**Problem details:** A faithful copy of the data, pictures omitted, is the required answer.

(Saved data entries)
· · · · · · ·
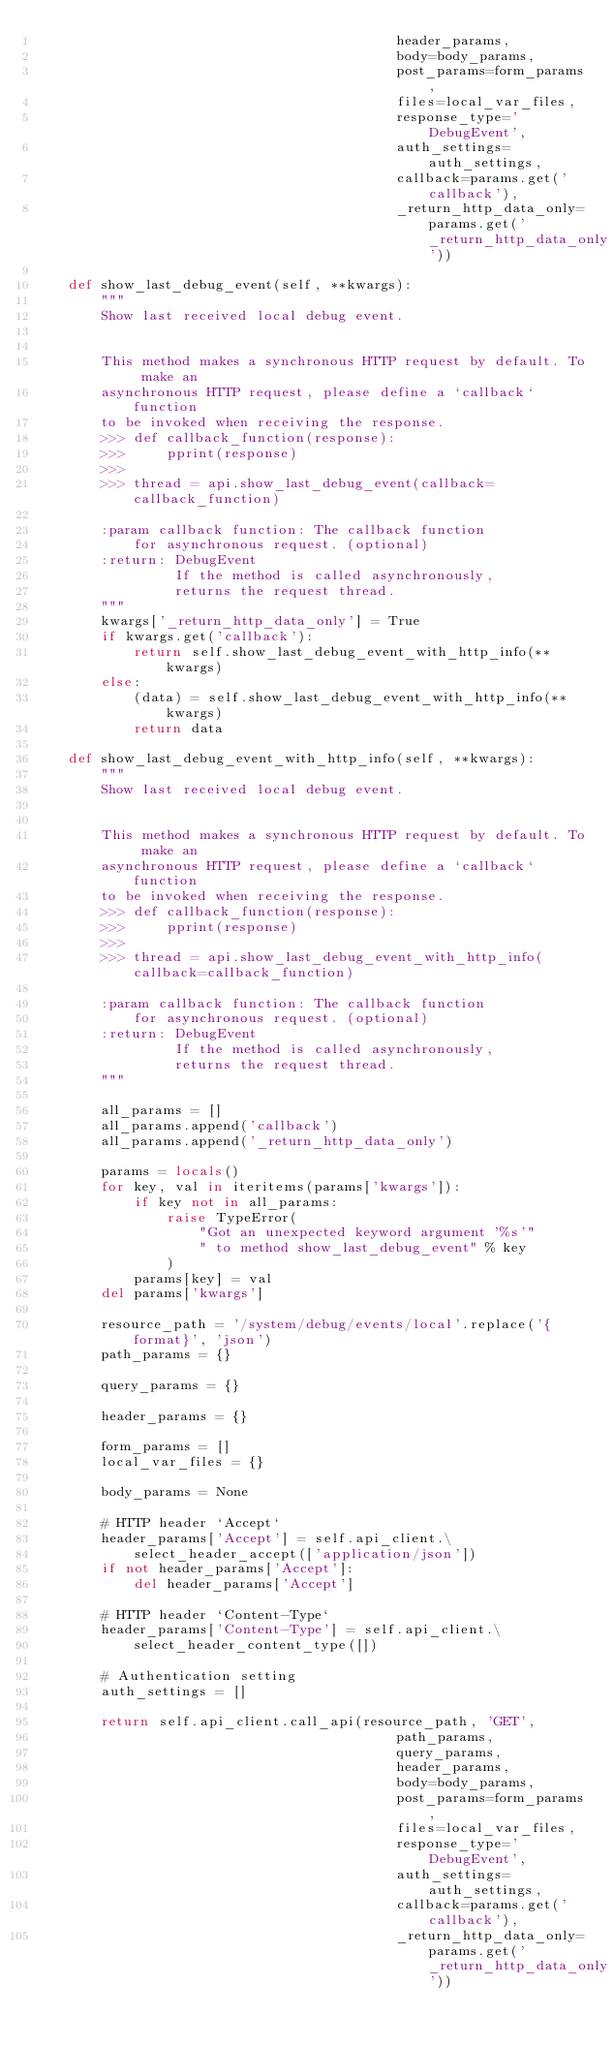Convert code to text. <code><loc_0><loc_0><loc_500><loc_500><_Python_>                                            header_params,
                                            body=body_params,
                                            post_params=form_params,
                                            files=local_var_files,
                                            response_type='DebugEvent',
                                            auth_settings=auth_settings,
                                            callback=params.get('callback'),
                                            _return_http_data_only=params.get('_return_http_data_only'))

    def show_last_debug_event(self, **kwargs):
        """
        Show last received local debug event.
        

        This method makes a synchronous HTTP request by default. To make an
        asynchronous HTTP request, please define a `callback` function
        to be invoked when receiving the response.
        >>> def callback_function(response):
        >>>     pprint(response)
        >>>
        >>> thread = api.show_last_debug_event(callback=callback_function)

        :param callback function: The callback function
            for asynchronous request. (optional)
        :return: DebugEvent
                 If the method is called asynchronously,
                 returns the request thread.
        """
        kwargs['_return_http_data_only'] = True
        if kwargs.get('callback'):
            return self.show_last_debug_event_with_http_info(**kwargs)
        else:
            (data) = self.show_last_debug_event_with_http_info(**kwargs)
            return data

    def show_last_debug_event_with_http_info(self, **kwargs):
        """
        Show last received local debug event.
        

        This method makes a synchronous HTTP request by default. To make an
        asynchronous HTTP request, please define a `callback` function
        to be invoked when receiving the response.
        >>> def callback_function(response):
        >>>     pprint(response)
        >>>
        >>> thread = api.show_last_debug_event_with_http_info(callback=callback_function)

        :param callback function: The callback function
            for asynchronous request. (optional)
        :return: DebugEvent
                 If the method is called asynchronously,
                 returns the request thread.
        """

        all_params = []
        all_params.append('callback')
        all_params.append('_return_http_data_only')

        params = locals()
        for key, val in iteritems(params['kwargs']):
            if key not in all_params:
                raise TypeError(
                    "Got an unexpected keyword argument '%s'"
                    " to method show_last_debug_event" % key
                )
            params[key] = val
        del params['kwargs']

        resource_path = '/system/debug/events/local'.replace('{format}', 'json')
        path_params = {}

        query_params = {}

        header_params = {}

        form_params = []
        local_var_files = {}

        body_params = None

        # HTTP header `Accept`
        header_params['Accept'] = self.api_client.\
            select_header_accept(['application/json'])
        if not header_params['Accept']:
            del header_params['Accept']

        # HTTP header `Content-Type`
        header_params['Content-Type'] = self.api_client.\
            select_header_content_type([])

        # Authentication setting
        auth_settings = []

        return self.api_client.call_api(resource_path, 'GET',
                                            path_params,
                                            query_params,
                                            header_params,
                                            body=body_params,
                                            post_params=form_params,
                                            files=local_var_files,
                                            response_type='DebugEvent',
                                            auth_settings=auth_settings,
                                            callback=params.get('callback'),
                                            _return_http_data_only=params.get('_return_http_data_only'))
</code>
· · · · · · ·
**Exercise output:**
Convert code to text. <code><loc_0><loc_0><loc_500><loc_500><_Python_>                                            header_params,
                                            body=body_params,
                                            post_params=form_params,
                                            files=local_var_files,
                                            response_type='DebugEvent',
                                            auth_settings=auth_settings,
                                            callback=params.get('callback'),
                                            _return_http_data_only=params.get('_return_http_data_only'))

    def show_last_debug_event(self, **kwargs):
        """
        Show last received local debug event.
        

        This method makes a synchronous HTTP request by default. To make an
        asynchronous HTTP request, please define a `callback` function
        to be invoked when receiving the response.
        >>> def callback_function(response):
        >>>     pprint(response)
        >>>
        >>> thread = api.show_last_debug_event(callback=callback_function)

        :param callback function: The callback function
            for asynchronous request. (optional)
        :return: DebugEvent
                 If the method is called asynchronously,
                 returns the request thread.
        """
        kwargs['_return_http_data_only'] = True
        if kwargs.get('callback'):
            return self.show_last_debug_event_with_http_info(**kwargs)
        else:
            (data) = self.show_last_debug_event_with_http_info(**kwargs)
            return data

    def show_last_debug_event_with_http_info(self, **kwargs):
        """
        Show last received local debug event.
        

        This method makes a synchronous HTTP request by default. To make an
        asynchronous HTTP request, please define a `callback` function
        to be invoked when receiving the response.
        >>> def callback_function(response):
        >>>     pprint(response)
        >>>
        >>> thread = api.show_last_debug_event_with_http_info(callback=callback_function)

        :param callback function: The callback function
            for asynchronous request. (optional)
        :return: DebugEvent
                 If the method is called asynchronously,
                 returns the request thread.
        """

        all_params = []
        all_params.append('callback')
        all_params.append('_return_http_data_only')

        params = locals()
        for key, val in iteritems(params['kwargs']):
            if key not in all_params:
                raise TypeError(
                    "Got an unexpected keyword argument '%s'"
                    " to method show_last_debug_event" % key
                )
            params[key] = val
        del params['kwargs']

        resource_path = '/system/debug/events/local'.replace('{format}', 'json')
        path_params = {}

        query_params = {}

        header_params = {}

        form_params = []
        local_var_files = {}

        body_params = None

        # HTTP header `Accept`
        header_params['Accept'] = self.api_client.\
            select_header_accept(['application/json'])
        if not header_params['Accept']:
            del header_params['Accept']

        # HTTP header `Content-Type`
        header_params['Content-Type'] = self.api_client.\
            select_header_content_type([])

        # Authentication setting
        auth_settings = []

        return self.api_client.call_api(resource_path, 'GET',
                                            path_params,
                                            query_params,
                                            header_params,
                                            body=body_params,
                                            post_params=form_params,
                                            files=local_var_files,
                                            response_type='DebugEvent',
                                            auth_settings=auth_settings,
                                            callback=params.get('callback'),
                                            _return_http_data_only=params.get('_return_http_data_only'))
</code>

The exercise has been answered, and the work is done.